Unknown hackers have attacked the website of Colombia’s National Registry, which on Sunday will be responsible for one of the most important votes in the country’s recent history, a referendum on peace with FARC rebels.
The hack came to light when citizens who had consulted about their polling station posted complaints on social media that, according to the website, they had deceased. Others read that their polling station had been had been pulled.
“Smile if you’re alive”
Those who received that message were wrongly advised to visit the nearest National Registry office and request their status be revised.
The National Registry, however, had earlier announced it would not allow the inscription of new ID papers until after the provisional referendum.
Another message appeared on the website, below the button to consult polling stations, saying “Smile if you’re alive.”
According to National Registrar Juan Carlos Galindes, the consulting application on the website “was the subject of a cyberattack, which resulted in our security system to react immediately and suspend” the page where people can look up their polling station.
Galindes stressed the hack only compromised the website, not the voter database.
Opposition calls fraud
But according to the conservative opposition party Democratic Center, the electoral website was an attempt to voter fraud by the government, who they oppose in the peace referendum.
Several CD senators were quick to exploit the hack after it was announced, looked up their own polling station, found out the universal error also appeared with them and immediately accused the government of “cooking up fraud.”
The party is he only congressional opponent of the peace deal with the government and, according to pollsters, likely to lose the vote on Sunday.
While the hack in no way seemed to have affected the National Registry’s voter database, the hack did reveal the vulnerability of the Register’s Office’s website just days before the referendum.
More attacks to come?
“To execute this attack it was crucial to have the passwords to enter. It is possible somebody leaked this and the possibility exists the attackers were able to decipher them,” security information company Adalid director Andres Guzman told newspaper El Tiempo.
The National Registry website was attacked and effectively shut down in previous elections.
Guzman considered the security breach “very serious” and warned that the number of attacks could increase ahead of the vote that will either result in the public ratification of the peace deal or the suspension of the FARC’s ongoing demobilization and disarmament.
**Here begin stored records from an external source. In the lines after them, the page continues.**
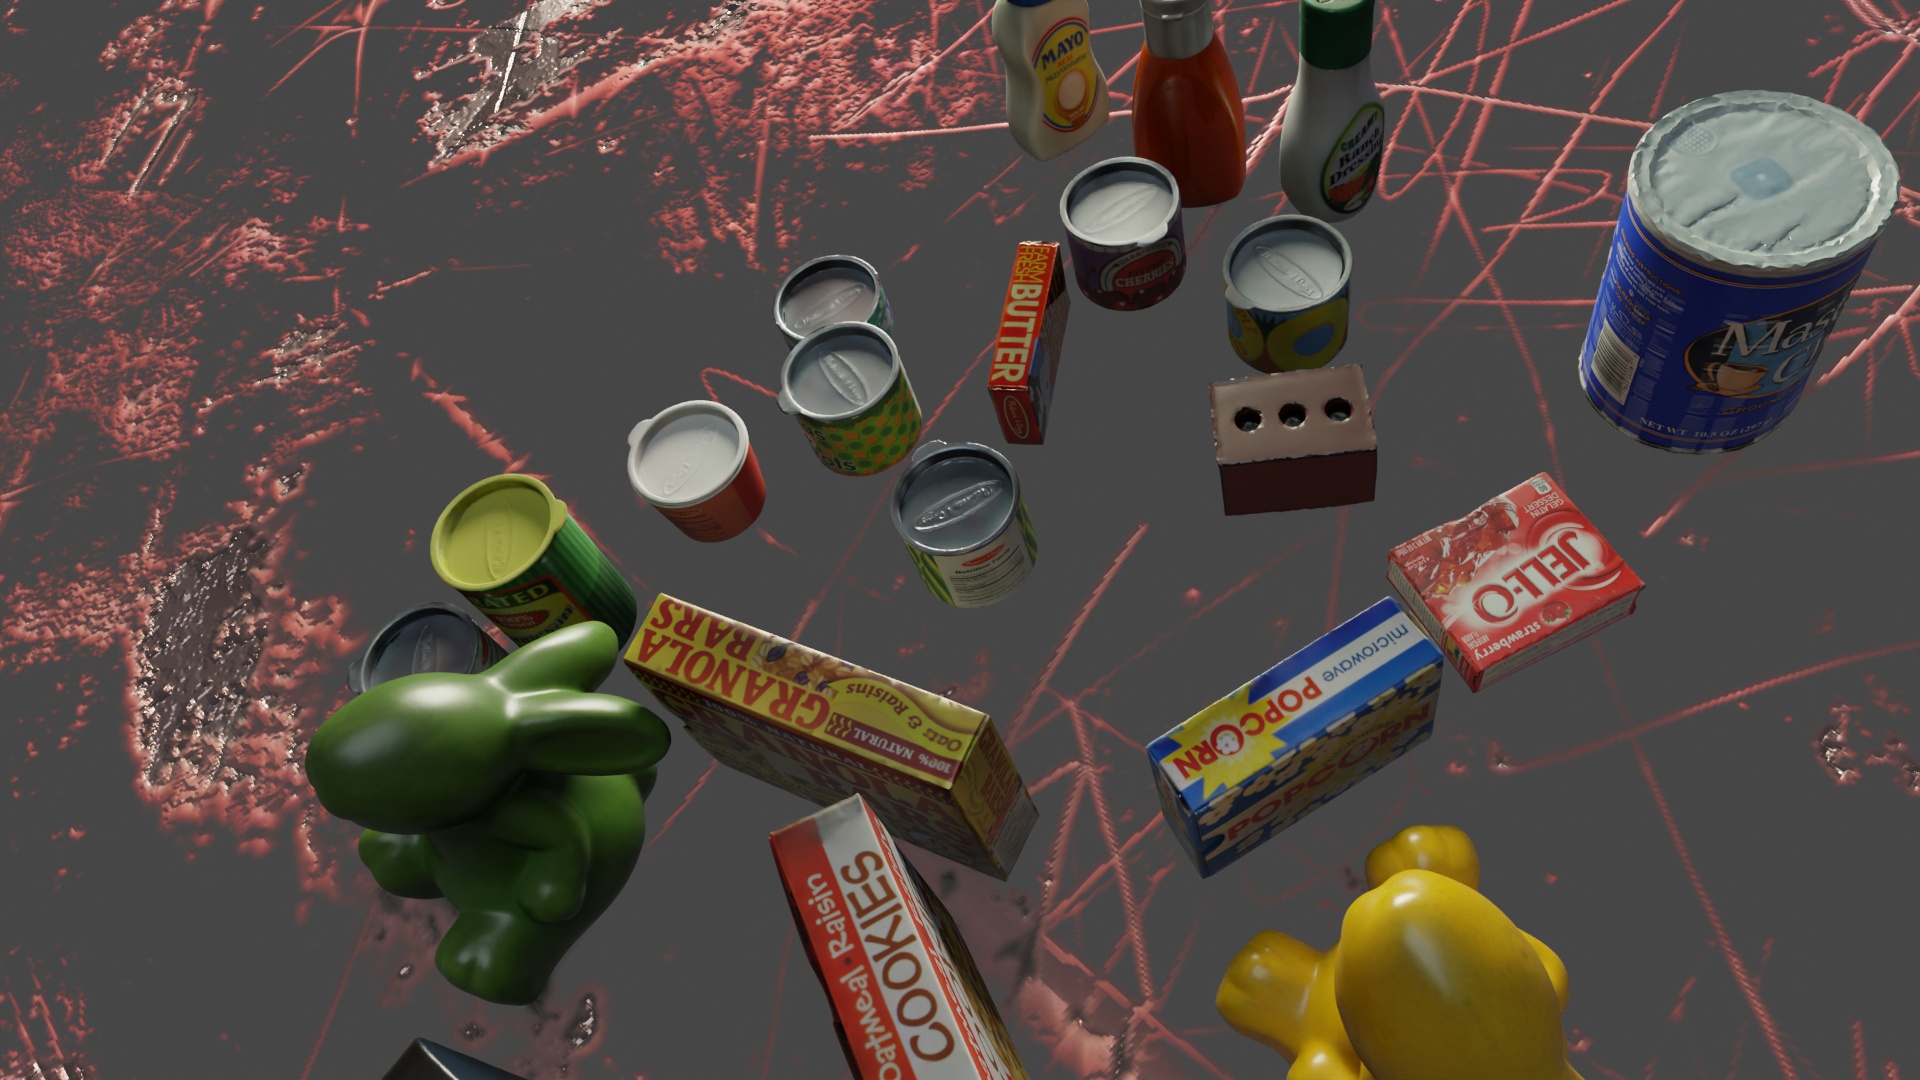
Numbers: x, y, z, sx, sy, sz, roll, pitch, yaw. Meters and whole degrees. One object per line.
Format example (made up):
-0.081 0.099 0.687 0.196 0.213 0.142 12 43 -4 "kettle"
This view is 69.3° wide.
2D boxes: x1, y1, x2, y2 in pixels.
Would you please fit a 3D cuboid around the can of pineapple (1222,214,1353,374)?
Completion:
0.173 -0.130 0.743 0.071 0.057 0.071 -6 58 10 "can of pineapple"

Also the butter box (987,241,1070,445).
0.039 -0.109 0.766 0.024 0.053 0.104 3 61 16 "butter box"

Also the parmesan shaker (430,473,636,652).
-0.215 0.020 0.720 0.071 0.102 0.071 -6 59 10 "parmesan shaker"

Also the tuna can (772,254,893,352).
-0.073 -0.131 0.819 0.071 0.032 0.071 -6 58 10 "tuna can"

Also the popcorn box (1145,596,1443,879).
0.146 0.087 0.602 0.127 0.085 0.038 -31 58 -5 "popcorn box"

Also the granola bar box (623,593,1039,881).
-0.056 0.091 0.626 0.166 0.123 0.039 18 66 23 "granola bar box"

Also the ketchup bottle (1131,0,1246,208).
0.125 -0.251 0.774 0.065 0.148 0.044 1 60 15 "ketchup bottle"

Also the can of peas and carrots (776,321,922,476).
-0.061 -0.076 0.767 0.071 0.058 0.071 -6 58 10 "can of peas and carrots"

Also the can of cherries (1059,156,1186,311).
0.094 -0.171 0.787 0.071 0.058 0.072 -6 58 10 "can of cherries"

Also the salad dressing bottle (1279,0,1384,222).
0.201 -0.237 0.748 0.064 0.147 0.044 -41 59 -11 "salad dressing bottle"

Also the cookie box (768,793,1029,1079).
-0.013 0.184 0.534 0.040 0.166 0.123 -27 57 -3 "cookie box"

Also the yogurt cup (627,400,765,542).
-0.141 -0.035 0.764 0.072 0.053 0.073 -6 58 10 "yogurt cup"

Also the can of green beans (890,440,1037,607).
0.003 -0.007 0.710 0.071 0.057 0.071 -6 58 10 "can of green beans"

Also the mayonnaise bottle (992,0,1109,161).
0.050 -0.296 0.820 0.065 0.147 0.041 -36 58 -9 "mayonnaise bottle"

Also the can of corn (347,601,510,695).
-0.272 0.075 0.727 0.071 0.058 0.071 -6 58 10 "can of corn"

Ironically, the attack took place exactly when Technology Ministry was inaugurated a forum on cyber security.
Hackers have successfully shut down numerous Colombian government and police websites in the past few years.
Globally, there has been a major increase in the use of cyber crime in times of electoral cycles in Colombia and beyond.
The director of the Democratic Center, Oscar Ivan Zuluaga, and several others within the party are investigated for using cybercrime ahead of the 2014 elections. One campaign employee, a renowned political hacker, was sentenced for obtaining classified information for electoral purposes.
Most recently, hackers were able to access email correspondence from the United States Democratic Party leadership, which severely disrupted the American election cycle ahead of the November presidential election.